* **Record excerpts**
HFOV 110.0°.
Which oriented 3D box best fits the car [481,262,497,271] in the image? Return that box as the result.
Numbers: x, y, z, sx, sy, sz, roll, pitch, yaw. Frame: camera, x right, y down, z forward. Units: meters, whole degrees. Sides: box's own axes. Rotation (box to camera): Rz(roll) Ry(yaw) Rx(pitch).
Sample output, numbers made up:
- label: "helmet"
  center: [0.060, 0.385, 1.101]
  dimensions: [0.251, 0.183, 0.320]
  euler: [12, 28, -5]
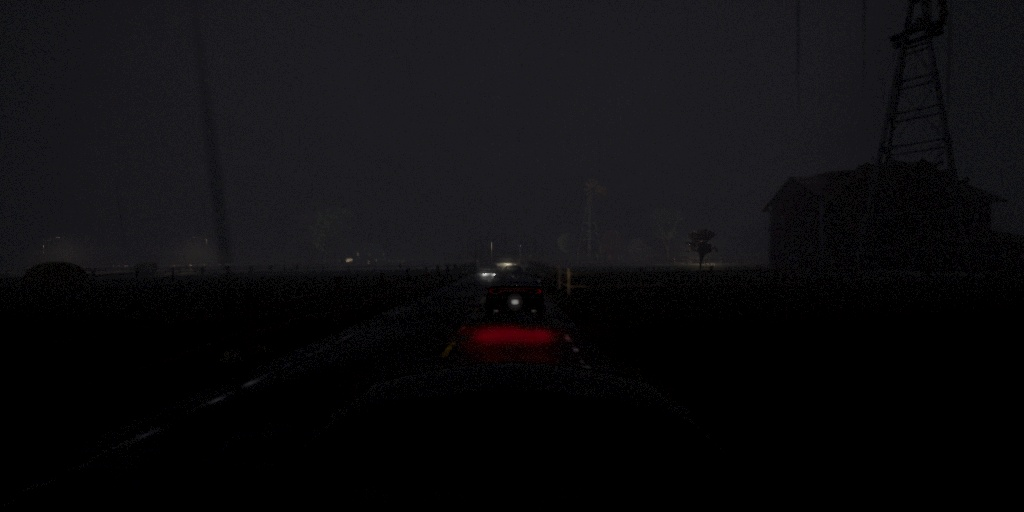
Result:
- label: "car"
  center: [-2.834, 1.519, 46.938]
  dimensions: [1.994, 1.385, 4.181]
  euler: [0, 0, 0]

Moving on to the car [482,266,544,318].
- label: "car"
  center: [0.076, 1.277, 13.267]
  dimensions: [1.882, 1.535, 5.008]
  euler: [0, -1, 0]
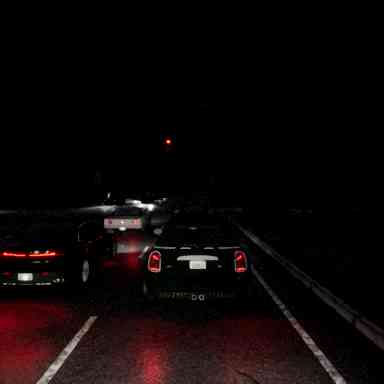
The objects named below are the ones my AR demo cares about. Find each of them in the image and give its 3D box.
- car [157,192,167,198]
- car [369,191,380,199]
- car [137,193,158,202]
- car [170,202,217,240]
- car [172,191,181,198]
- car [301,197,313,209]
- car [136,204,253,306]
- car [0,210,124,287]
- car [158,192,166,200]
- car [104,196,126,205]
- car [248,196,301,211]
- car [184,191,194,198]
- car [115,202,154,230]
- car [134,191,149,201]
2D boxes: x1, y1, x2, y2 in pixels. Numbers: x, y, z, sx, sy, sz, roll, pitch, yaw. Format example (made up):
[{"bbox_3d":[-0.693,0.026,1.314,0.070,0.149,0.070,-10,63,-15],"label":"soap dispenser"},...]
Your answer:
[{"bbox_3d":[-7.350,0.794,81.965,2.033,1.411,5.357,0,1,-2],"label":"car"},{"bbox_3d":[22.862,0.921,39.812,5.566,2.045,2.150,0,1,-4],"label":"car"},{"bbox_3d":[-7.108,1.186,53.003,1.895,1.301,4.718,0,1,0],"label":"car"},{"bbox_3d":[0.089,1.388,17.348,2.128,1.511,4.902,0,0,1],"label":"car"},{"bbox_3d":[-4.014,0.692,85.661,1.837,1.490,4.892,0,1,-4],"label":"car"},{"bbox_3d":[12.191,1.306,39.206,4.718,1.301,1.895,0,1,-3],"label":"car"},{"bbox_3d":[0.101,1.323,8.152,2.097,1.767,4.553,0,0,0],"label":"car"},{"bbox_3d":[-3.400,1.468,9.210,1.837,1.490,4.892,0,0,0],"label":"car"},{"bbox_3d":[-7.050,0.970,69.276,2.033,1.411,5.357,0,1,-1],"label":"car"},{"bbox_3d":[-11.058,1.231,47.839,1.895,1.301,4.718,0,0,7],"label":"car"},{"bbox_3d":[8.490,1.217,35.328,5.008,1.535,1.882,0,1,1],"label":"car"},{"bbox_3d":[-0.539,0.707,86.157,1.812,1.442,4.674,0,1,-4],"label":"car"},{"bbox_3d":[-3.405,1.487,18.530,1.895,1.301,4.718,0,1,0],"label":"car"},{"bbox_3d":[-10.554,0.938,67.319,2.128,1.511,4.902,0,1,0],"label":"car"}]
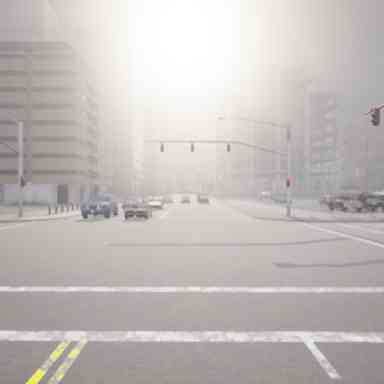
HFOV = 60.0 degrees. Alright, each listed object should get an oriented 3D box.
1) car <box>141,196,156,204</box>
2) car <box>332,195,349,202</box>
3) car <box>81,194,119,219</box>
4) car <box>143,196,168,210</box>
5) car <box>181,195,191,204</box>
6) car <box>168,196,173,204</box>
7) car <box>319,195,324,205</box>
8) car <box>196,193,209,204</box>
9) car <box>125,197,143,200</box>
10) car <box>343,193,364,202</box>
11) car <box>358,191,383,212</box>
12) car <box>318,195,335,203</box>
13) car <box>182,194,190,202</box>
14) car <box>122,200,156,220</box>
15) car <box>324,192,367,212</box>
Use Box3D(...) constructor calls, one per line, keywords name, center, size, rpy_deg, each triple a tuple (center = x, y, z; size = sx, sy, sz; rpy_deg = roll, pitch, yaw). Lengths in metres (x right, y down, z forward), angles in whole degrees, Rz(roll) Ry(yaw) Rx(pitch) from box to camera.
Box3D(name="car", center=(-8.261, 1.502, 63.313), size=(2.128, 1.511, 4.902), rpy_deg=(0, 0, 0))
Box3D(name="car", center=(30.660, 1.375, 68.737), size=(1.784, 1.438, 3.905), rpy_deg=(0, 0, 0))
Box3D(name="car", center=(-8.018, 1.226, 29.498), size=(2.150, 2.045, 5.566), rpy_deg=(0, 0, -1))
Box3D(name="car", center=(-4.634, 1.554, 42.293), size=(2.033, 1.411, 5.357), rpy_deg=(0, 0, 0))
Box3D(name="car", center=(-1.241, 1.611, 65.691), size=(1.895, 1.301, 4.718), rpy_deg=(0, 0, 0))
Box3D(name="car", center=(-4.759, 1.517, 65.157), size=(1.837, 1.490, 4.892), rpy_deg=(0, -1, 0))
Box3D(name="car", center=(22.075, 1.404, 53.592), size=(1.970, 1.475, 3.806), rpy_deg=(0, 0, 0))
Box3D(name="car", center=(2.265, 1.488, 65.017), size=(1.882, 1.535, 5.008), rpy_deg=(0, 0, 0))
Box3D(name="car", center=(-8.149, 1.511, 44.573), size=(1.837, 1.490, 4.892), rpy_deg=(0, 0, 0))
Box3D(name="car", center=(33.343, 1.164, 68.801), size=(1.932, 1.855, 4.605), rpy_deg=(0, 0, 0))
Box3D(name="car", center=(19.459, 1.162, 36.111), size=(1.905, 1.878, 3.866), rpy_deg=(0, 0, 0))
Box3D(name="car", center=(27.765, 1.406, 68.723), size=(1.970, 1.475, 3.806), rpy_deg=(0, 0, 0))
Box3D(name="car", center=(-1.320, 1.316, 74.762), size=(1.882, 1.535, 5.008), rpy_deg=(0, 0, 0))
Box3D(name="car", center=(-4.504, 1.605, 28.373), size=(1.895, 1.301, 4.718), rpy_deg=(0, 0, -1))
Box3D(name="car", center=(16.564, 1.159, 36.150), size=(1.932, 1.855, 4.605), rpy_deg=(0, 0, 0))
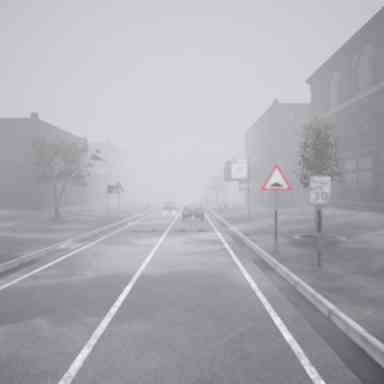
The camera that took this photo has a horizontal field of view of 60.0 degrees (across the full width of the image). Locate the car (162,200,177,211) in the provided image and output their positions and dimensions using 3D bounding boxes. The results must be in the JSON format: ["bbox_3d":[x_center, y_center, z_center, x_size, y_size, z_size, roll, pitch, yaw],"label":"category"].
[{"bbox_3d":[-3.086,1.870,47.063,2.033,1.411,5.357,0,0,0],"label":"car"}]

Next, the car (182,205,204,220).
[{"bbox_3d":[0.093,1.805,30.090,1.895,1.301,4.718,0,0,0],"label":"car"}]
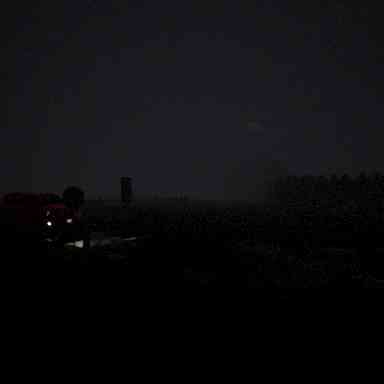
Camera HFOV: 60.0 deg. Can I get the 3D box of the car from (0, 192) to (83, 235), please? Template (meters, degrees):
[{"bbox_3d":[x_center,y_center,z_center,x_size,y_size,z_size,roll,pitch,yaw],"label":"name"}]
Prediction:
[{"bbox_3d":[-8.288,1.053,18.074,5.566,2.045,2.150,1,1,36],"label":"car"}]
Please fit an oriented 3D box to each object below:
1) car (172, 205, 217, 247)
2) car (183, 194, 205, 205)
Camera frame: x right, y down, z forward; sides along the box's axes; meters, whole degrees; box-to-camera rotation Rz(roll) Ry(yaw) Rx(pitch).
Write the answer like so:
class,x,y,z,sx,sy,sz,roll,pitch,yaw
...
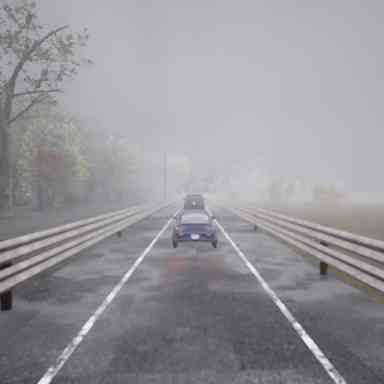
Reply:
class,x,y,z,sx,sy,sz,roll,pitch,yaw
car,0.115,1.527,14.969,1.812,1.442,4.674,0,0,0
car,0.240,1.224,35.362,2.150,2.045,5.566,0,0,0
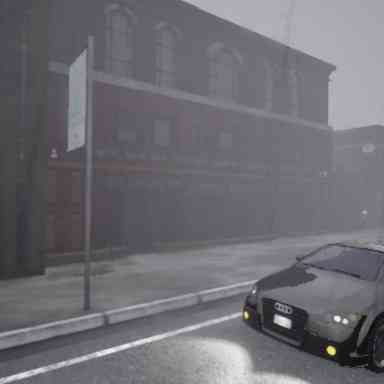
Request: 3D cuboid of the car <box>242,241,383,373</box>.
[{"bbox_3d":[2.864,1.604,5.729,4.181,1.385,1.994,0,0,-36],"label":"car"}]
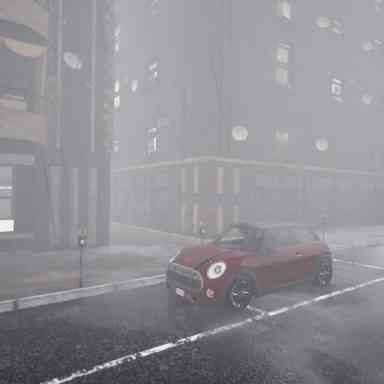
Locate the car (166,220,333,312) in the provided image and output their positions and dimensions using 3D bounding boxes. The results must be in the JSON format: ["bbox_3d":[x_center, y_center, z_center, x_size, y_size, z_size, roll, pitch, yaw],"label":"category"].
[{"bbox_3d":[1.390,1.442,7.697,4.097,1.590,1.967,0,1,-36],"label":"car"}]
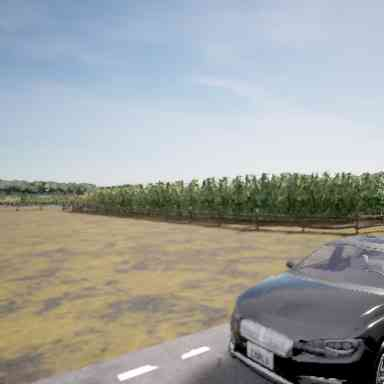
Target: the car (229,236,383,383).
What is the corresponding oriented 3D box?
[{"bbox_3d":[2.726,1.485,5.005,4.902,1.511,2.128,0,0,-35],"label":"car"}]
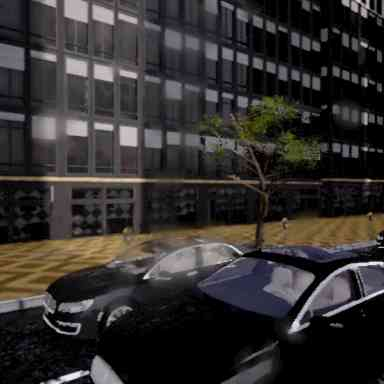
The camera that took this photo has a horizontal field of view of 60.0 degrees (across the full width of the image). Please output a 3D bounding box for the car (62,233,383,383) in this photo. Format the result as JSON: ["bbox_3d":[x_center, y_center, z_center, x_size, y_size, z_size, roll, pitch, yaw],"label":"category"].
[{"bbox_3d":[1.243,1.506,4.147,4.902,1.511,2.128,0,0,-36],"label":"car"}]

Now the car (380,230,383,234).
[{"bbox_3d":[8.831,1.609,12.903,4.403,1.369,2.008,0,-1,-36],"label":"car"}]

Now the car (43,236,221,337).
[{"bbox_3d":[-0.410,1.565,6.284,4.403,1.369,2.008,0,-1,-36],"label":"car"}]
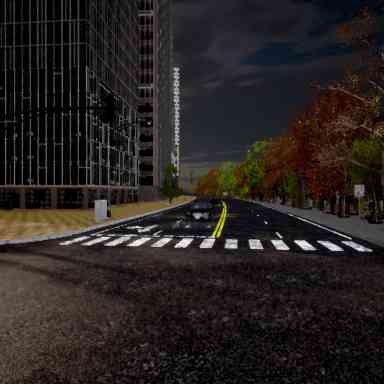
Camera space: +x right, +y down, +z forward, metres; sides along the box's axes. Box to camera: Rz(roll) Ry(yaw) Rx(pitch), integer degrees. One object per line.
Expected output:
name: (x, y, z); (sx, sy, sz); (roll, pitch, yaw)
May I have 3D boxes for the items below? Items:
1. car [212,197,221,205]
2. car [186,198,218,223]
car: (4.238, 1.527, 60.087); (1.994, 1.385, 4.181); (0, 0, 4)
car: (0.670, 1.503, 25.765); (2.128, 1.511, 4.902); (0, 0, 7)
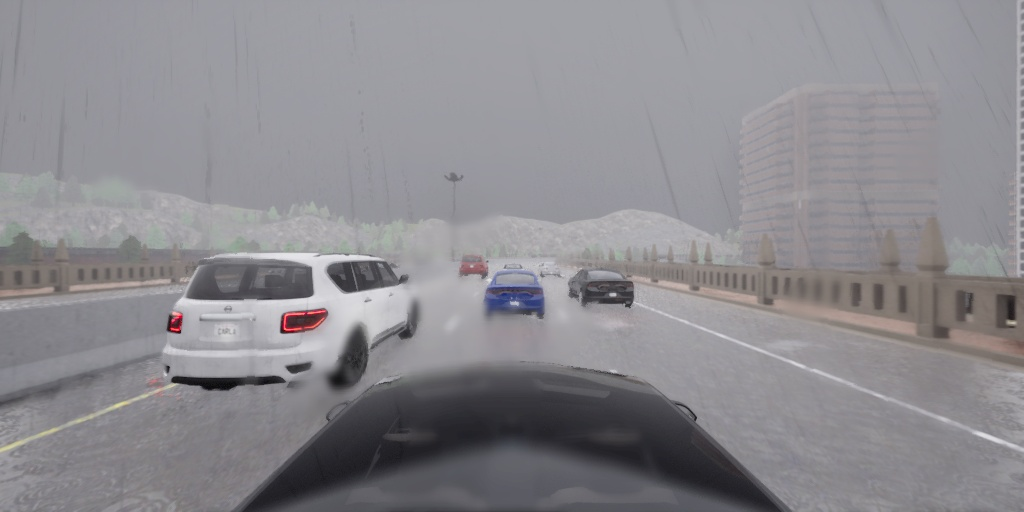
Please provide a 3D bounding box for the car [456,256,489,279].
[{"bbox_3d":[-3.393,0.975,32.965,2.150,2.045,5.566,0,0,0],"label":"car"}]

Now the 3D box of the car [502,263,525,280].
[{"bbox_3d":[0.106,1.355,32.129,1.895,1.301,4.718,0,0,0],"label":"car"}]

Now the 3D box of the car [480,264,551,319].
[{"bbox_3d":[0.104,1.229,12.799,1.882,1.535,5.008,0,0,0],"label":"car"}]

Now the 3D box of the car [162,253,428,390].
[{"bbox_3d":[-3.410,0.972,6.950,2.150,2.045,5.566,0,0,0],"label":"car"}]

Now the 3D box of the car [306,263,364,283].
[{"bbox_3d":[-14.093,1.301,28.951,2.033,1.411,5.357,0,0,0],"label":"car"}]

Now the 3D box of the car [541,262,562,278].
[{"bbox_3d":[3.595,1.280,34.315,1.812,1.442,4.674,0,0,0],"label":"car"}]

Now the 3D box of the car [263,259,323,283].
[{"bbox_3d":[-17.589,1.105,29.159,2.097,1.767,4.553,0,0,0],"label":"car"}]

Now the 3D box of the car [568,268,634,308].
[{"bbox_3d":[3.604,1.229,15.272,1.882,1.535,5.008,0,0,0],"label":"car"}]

* **Aim of the task**
Pull every line containing the word "axes" out of the material and copy it.

* **Written answer**
Numbers: x, y, z, sx, sy, sz, roll, pitch, yaw. Frame: camera, x right, y down, z forward. Units: meters, whole degrees. Sides: box's own axes. Rotation (box to camera): Rz(roll) Ry(yaw) Rx(pitch).
Camera frame: x right, y down, z forward; sides along the box's axes; meters, whole degrees; box-to-camera rotation Rz(roll) Ry(yaw) Rx(pitch).
Camera space: +x right, +y down, +z forward, metres; sides along the box's axes. Box to camera: Rz(roll) Ry(yaw) Rx(pitch), integer degrees. One object per line.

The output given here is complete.